LeetCode(43. Multiply Strings)

题目：

Given two numbers represented as strings, return multiplication of the numbers as a string.

Note: The numbers can be arbitrarily large and are non-negative.

思路比较简单，不多说啦

几个需要注意的点：

1. 高位多个为0的，需要进行判断

2. 如果乘数为0的话，可以直接跳过，能节省不少时间

3. string 的两个使用

　1) 创建有 len 长的 ‘0’串  string str(len, '0')
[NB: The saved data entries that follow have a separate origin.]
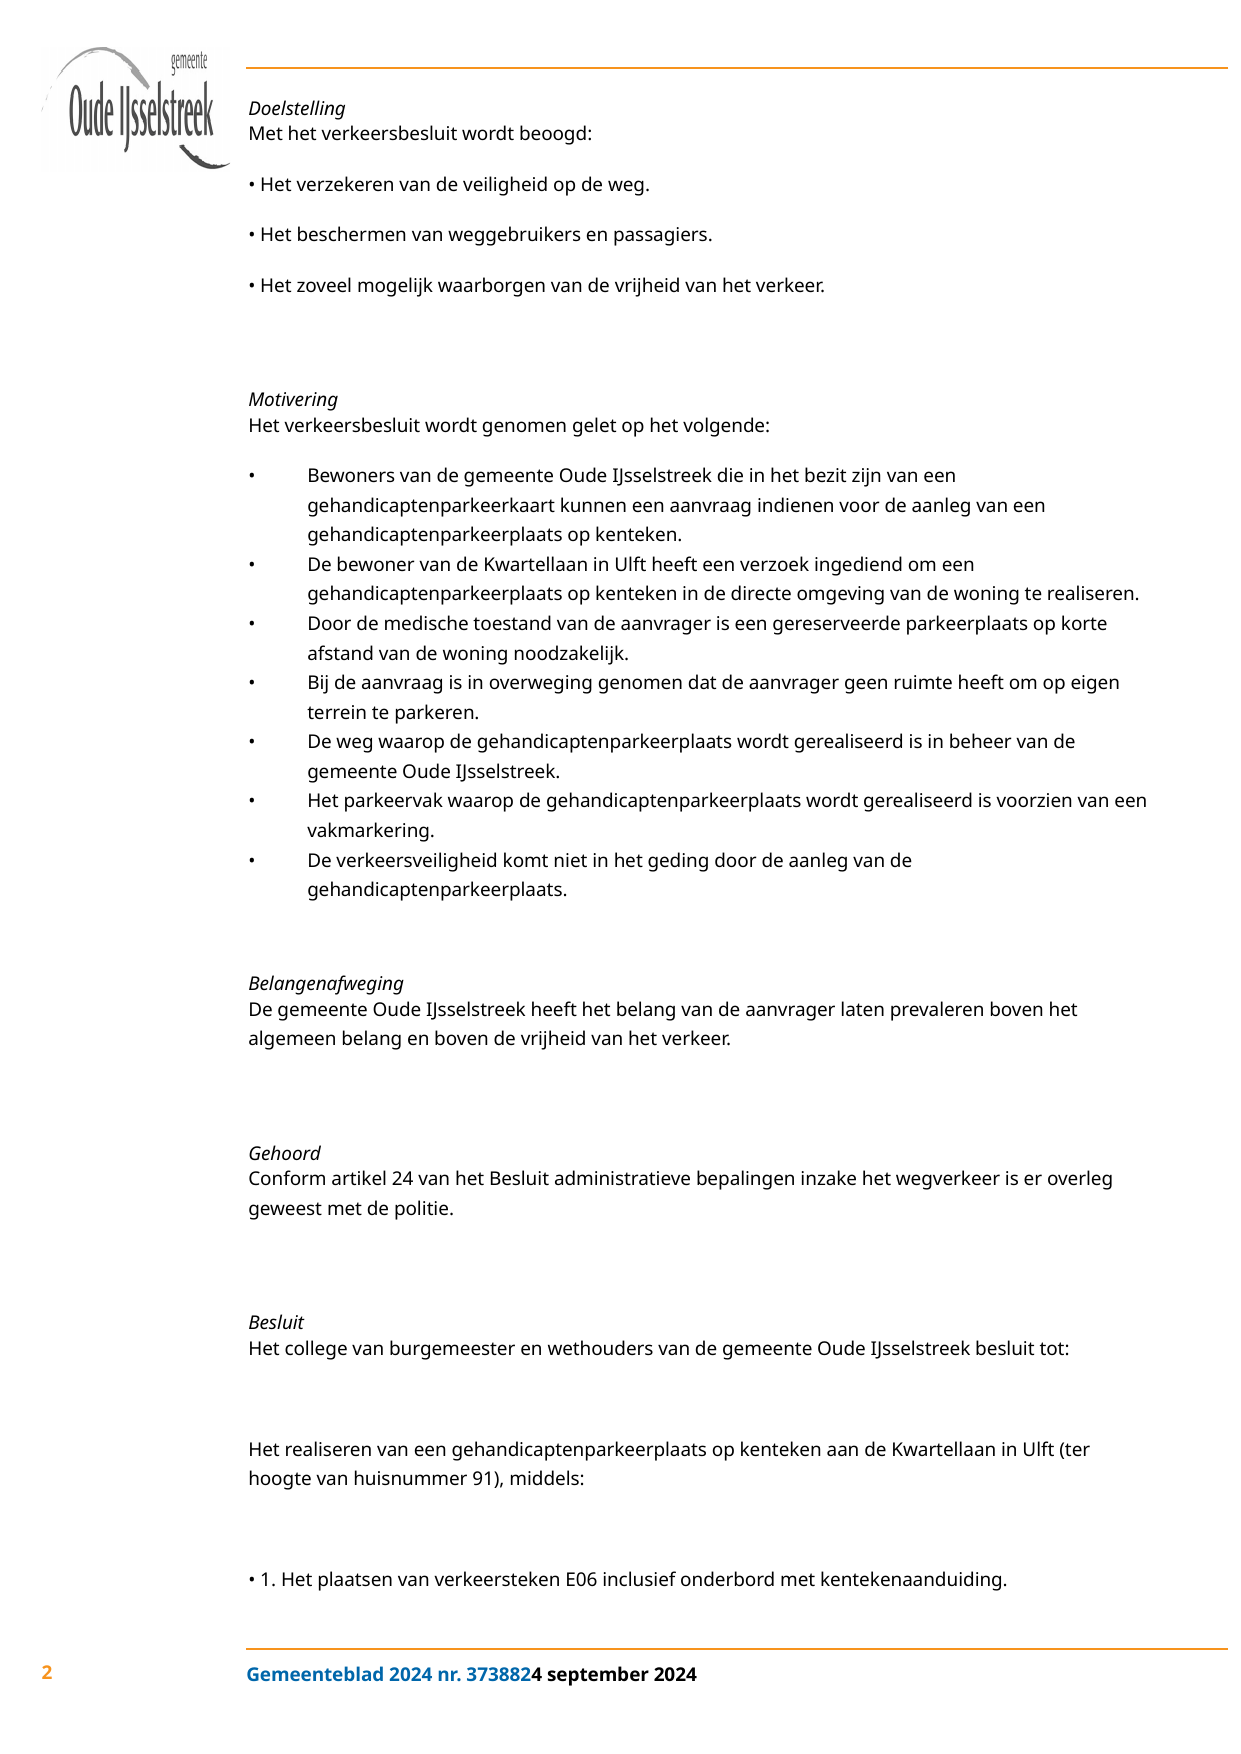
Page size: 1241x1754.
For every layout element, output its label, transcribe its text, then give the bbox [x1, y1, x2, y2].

text Doelstelling [248, 95, 1152, 121]
text Besluit [248, 1309, 1152, 1335]
list Bij de aanvraag is in overweging genomen dat de aanvrager geen ruimte heeft om op eigen terrein te parkeren. [248, 669, 1152, 725]
text • Het beschermen van weggebruikers en passagiers. [248, 221, 1152, 247]
text Belangenafweging [248, 970, 1152, 996]
list Het parkeervak waarop de gehandicaptenparkeerplaats wordt gerealiseerd is voorzien van een vakmarkering. [248, 788, 1152, 843]
text Met het verkeersbesluit wordt beoogd: [248, 121, 1152, 146]
text • Het zoveel mogelijk waarborgen van de vrijheid van het verkeer. [248, 272, 1152, 297]
text Gehoord [248, 1140, 1152, 1165]
list De bewoner van de Kwartellaan in Ulft heeft een verzoek ingediend om een gehandicaptenparkeerplaats op kenteken in de directe omgeving van de woning te realiseren. [248, 551, 1152, 606]
text • 1. Het plaatsen van verkeersteken E06 inclusief onderbord met kentekenaanduiding. [248, 1566, 1152, 1592]
text Het verkeersbesluit wordt genomen gelet op het volgende: [248, 412, 1152, 438]
list De weg waarop de gehandicaptenparkeerplaats wordt gerealiseerd is in beheer van de gemeente Oude IJsselstreek. [248, 728, 1152, 784]
text Het college van burgemeester en wethouders van de gemeente Oude IJsselstreek besluit tot: [248, 1335, 1152, 1361]
text • Het verzekeren van de veiligheid op de weg. [248, 171, 1152, 197]
picture [41, 47, 231, 172]
text De gemeente Oude IJsselstreek heeft het belang van de aanvrager laten prevaleren boven het algemeen belang en boven de vrijheid van het verkeer. [248, 996, 1152, 1051]
text Motivering [248, 386, 1152, 412]
text Conform artikel 24 van het Besluit administratieve bepalingen inzake het wegverkeer is er overleg geweest met de politie. [248, 1165, 1152, 1221]
list De verkeersveiligheid komt niet in het geding door de aanleg van de gehandicaptenparkeerplaats. [248, 847, 1152, 902]
list Bewoners van de gemeente Oude IJsselstreek die in het bezit zijn van een gehandicaptenparkeerkaart kunnen een aanvraag indienen voor de aanleg van een gehandicaptenparkeerplaats op kenteken. [248, 462, 1152, 547]
list Door de medische toestand van de aanvrager is een gereserveerde parkeerplaats op korte afstand van de woning noodzakelijk. [248, 610, 1152, 666]
text Het realiseren van een gehandicaptenparkeerplaats op kenteken aan de Kwartellaan in Ulft (ter hoogte van huisnummer 91), middels: [248, 1436, 1152, 1491]
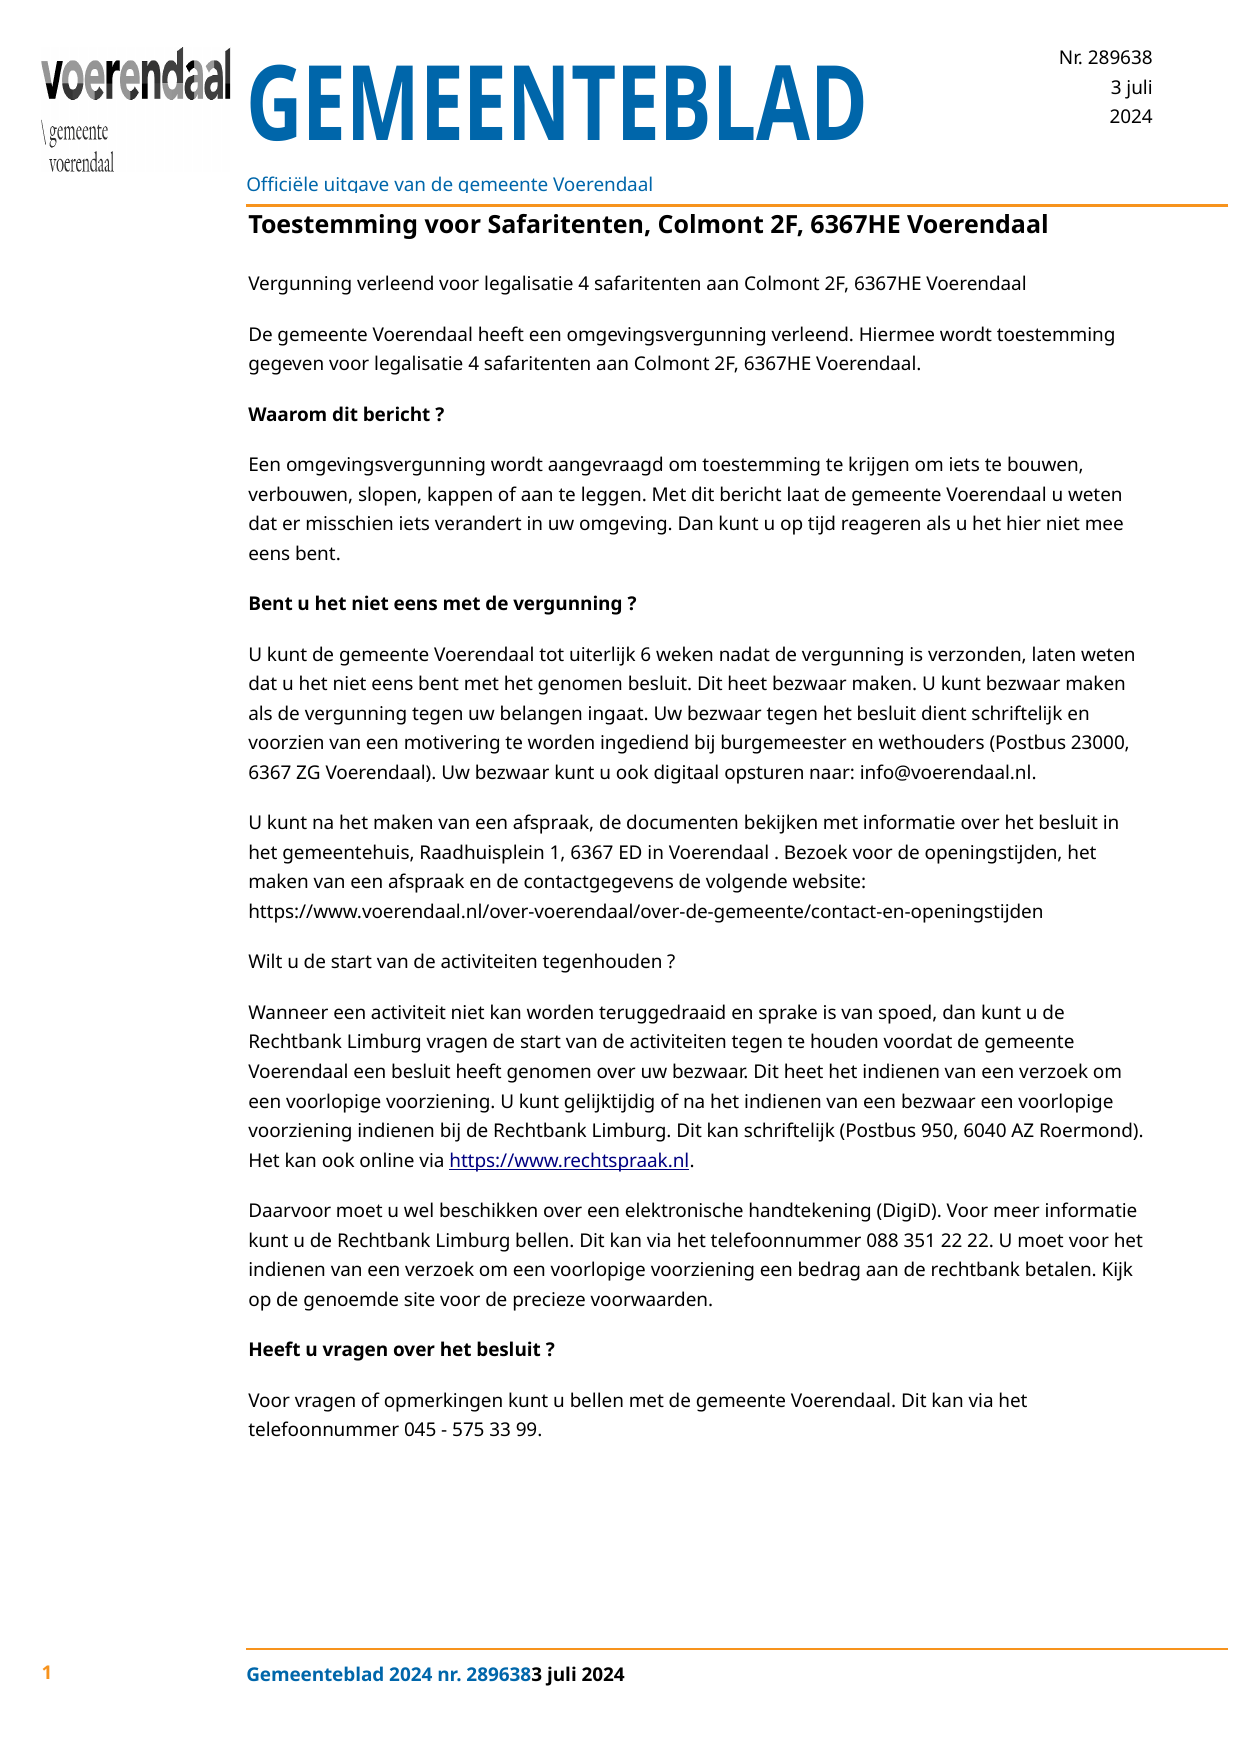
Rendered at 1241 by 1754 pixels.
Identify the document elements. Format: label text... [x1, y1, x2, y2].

text Wilt u de start van de activiteiten tegenhouden ? [248, 949, 1152, 974]
text Voor vragen of opmerkingen kunt u bellen met de gemeente Voerendaal. Dit kan via het telefoonnummer 045 - 575 33 99. [248, 1387, 1152, 1442]
text U kunt de gemeente Voerendaal tot uiterlijk 6 weken nadat de vergunning is verzonden, laten weten dat u het niet eens bent met het genomen besluit. Dit heet bezwaar maken. U kunt bezwaar maken als de vergunning tegen uw belangen ingaat. Uw bezwaar tegen het besluit dient schriftelijk en voorzien van een motivering te worden ingediend bij burgemeester en wethouders (Postbus 23000, 6367 ZG Voerendaal). Uw bezwaar kunt u ook digitaal opsturen naar: info@voerendaal.nl. [248, 641, 1152, 785]
text Bent u het niet eens met de vergunning ? [248, 590, 1152, 616]
text Waarom dit bericht ? [248, 401, 1152, 426]
text Vergunning verleend voor legalisatie 4 safaritenten aan Colmont 2F, 6367HE Voerendaal [248, 270, 1152, 296]
picture [41, 47, 231, 172]
text U kunt na het maken van een afspraak, de documenten bekijken met informatie over het besluit in het gemeentehuis, Raadhuisplein 1, 6367 ED in Voerendaal . Bezoek voor de openingstijden, het maken van een afspraak en de contactgegevens de volgende website: https://www.voerendaal.nl/over-voerendaal/over-de-gemeente/contact-en-openingstijden [248, 809, 1152, 924]
text Toestemming voor Safaritenten, Colmont 2F, 6367HE Voerendaal [248, 207, 1152, 241]
text Wanneer een activiteit niet kan worden teruggedraaid en sprake is van spoed, dan kunt u de Rechtbank Limburg vragen de start van de activiteiten tegen te houden voordat de gemeente Voerendaal een besluit heeft genomen over uw bezwaar. Dit heet het indienen van een verzoek om een voorlopige voorziening. U kunt gelijktijdig of na het indienen van een bezwaar een voorlopige voorziening indienen bij de Rechtbank Limburg. Dit kan schriftelijk (Postbus 950, 6040 AZ Roermond). Het kan ook online via https://www.rechtspraak.nl. [248, 999, 1152, 1173]
text Een omgevingsvergunning wordt aangevraagd om toestemming te krijgen om iets te bouwen, verbouwen, slopen, kappen of aan te leggen. Met dit bericht laat de gemeente Voerendaal u weten dat er misschien iets verandert in uw omgeving. Dan kunt u op tijd reageren als u het hier niet mee eens bent. [248, 451, 1152, 566]
text Heeft u vragen over het besluit ? [248, 1337, 1152, 1362]
text Daarvoor moet u wel beschikken over een elektronische handtekening (DigiD). Voor meer informatie kunt u de Rechtbank Limburg bellen. Dit kan via het telefoonnummer 088 351 22 22. U moet voor het indienen van een verzoek om een voorlopige voorziening een bedrag aan de rechtbank betalen. Kijk op de genoemde site voor de precieze voorwaarden. [248, 1197, 1152, 1312]
text De gemeente Voerendaal heeft een omgevingsvergunning verleend. Hiermee wordt toestemming gegeven voor legalisatie 4 safaritenten aan Colmont 2F, 6367HE Voerendaal. [248, 321, 1152, 376]
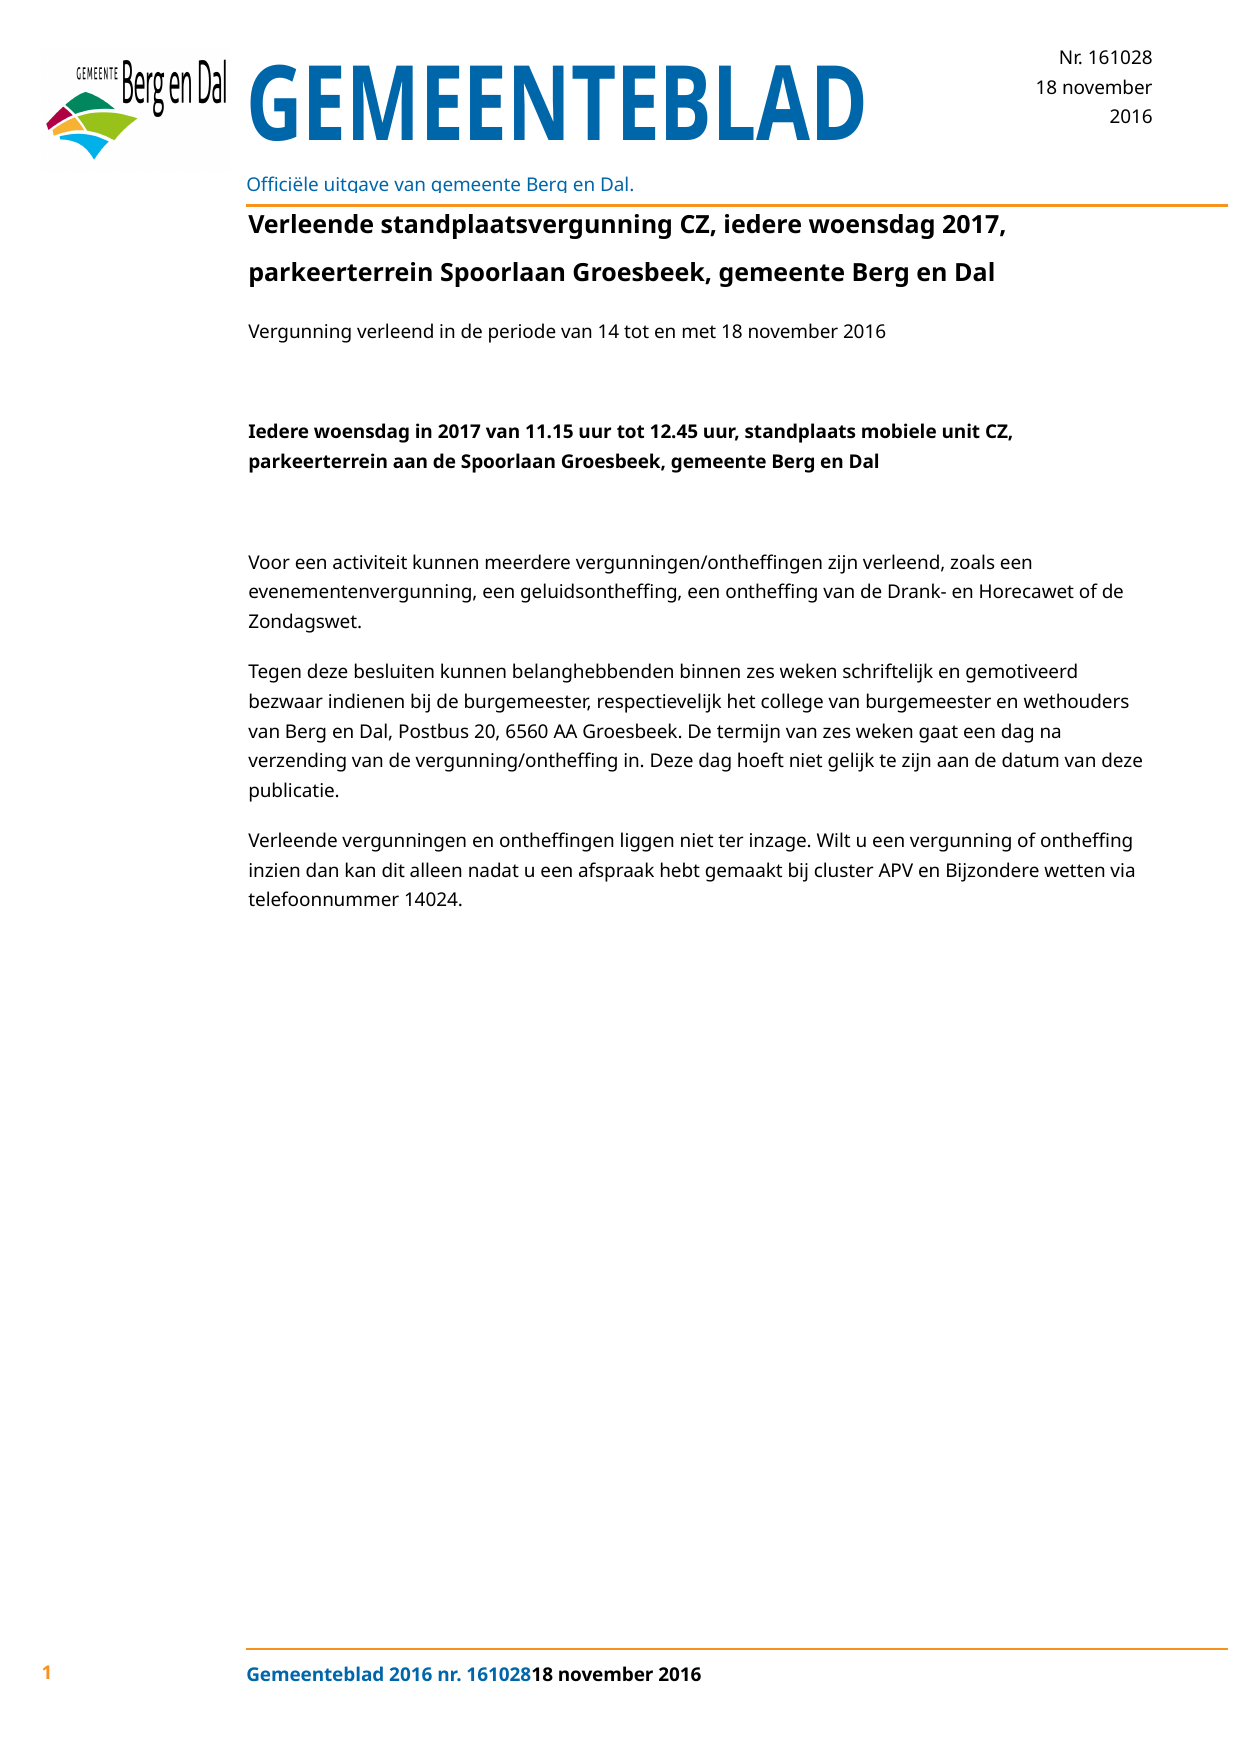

　2) string 的反转 reverse(str.begin(), str.end())  反转后操作好像更容易理解~

class Solution {
public:
    string multiply(string num1, string num2) {
        int size1 = num1.size();
        int size2 = num2.size();
        string result(size1 + size2 + 1, '0');
        reverse(num1.begin(),num1.end());
        reverse(num2.begin(), num2.end());
        for(int j = 0; j < size2; ++j){//num2
            if(num2[j] == '0')
                continue;
            int k = j;
            for(int i = 0; i < size1; ++i){//num1
                int tmp = (num1[i] - '0') * (num2[j] - '0') + result[k] - '0';
                result[k] = tmp % 10 + '0';
                result[k + 1] = result[k + 1] + tmp / 10;
                ++k;
            }
        }
        while(!result.empty() && result.back() == '0') result.pop_back();
        if(result.empty()) return "0";
        reverse(result.begin(), result.end());
        return result;
    }
};